The approach combines basic spatial data sets with a synergy of surveying techniques to produce a geographical parameter database that drives the Cited by: establish the forecast model, learning models of the road surface temperature using three sets of input var-iables at a specific site were created.

These learning models were then applied to other sites along an ex-pressway, and the correct classification of the road surface temperature was examined. The results of the. conducted in order to better a forecast model on surface temperature predictions that was shown to be inaccurate.

Data was used from the – winter from three cities across Indiana. The data included variables such as air and surface temperatures, precipitation, wind speed, and other variables that could affect the road temperature.

A GIS-based model for the prediction of road surface temperature is presented that has the ability to explain up to 74% of. Operational experience with ICEWARN model (METRO-CZ) in comparison with other tools Henry Odbert (UK, Met Office) Verification results for road surface temperature forecasts utilizing mobile observations Bujňák, R., Vivoda, J., Application of a road weather forecast model at Slovak Hydrometeorological Institute.

levels of atmospheric stability. A numerical road weather model incorporating all eight parameters was run over 20 nights using forecast and retrospective meteorological data. The model has the ability to explain up to 72% of the variation in road surface temperature purely by thermally projecting surface temperature using geographical by: Virve Karsisto: FMI’s road weather model Abstract: Finnish Meteorological Institute’s (FMI) road weather model has been in operational use for almost 20 years.
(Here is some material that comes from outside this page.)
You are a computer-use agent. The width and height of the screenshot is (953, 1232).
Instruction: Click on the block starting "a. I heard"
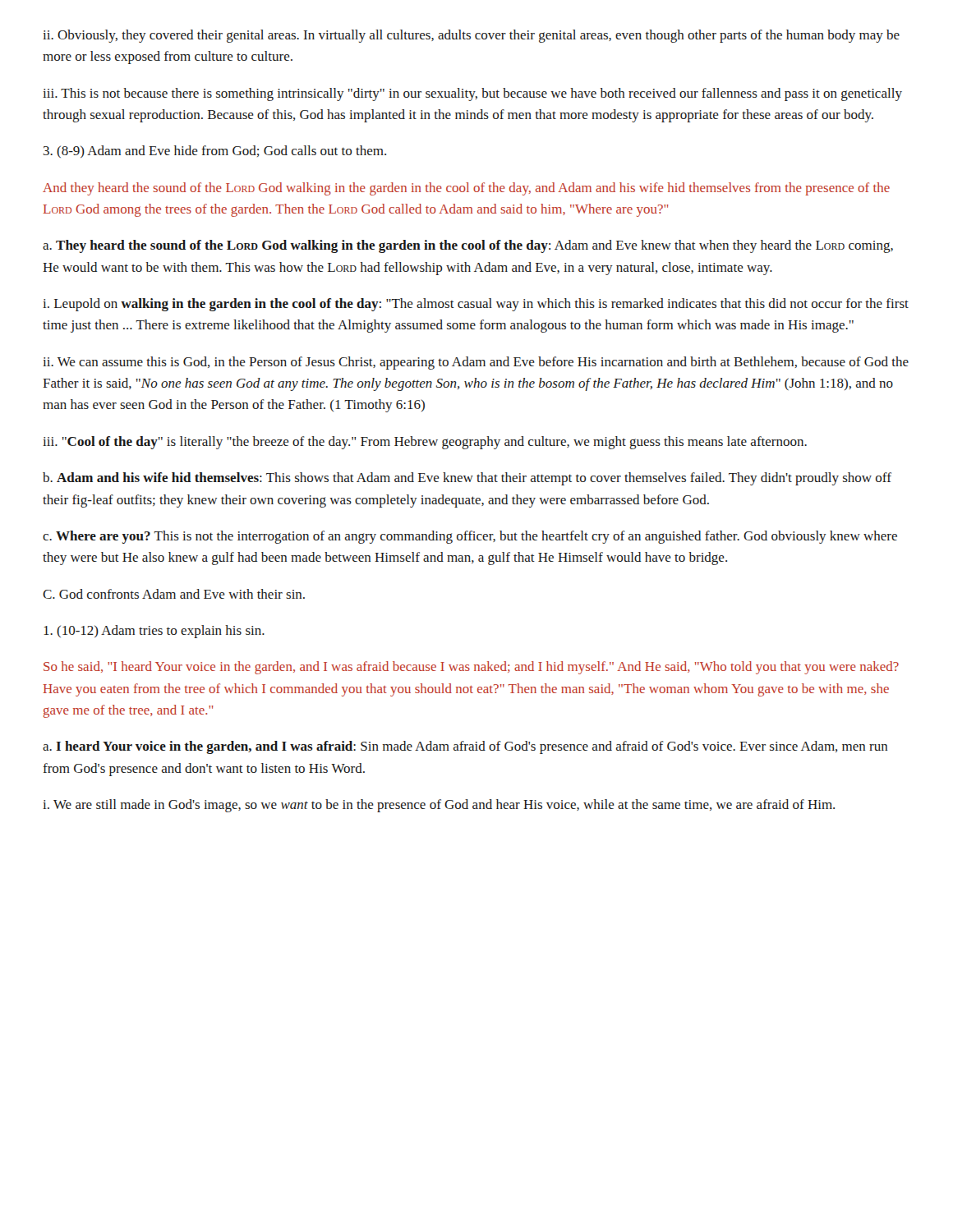click(x=465, y=757)

The main outputs of the model are road surface temperature and amounts of water, snow and ice on the road. Based on these values, the model determines also the road condition (e.g.

wet. It is based on a 1D radiative transfer model that makes use of meteorological input from different numerical weather prediction models and the INCA-BE nowcasting model used by the RMI weather office.

The output (road surface temperature and condition) is generated for about 90 road weather station locations in Flanders and 50 in Wallonia, and. Ice Prediction. • The key difference here was the inclusion of a forecast model.

• This was a simple 0D energy balance model which provided a site. specific 24 hour forecast of road surface temperatures. • This was issued at midday so that decisions regarding treatment.

for the forthcoming night could be made.Most accident prediction models belong to the count data regression models, in particular the negative binomial model, which assumes all data or cases are statistically independent.

This assumption, how-ever, may be violated when repeated observations over multiple periods (e.g., yearly accident counts) at the same locations (e.g.a prediction of road-surface temperature, as well as water, ice, or snow on the road, by the following calculations: FIGURE 2 Evolution during the last 3 hr of road temperature and dewpoint.

VRES-KOhm expresses the road surface condition by a resistance of electric current between two electrodes in road surface, but it remains at maximum value.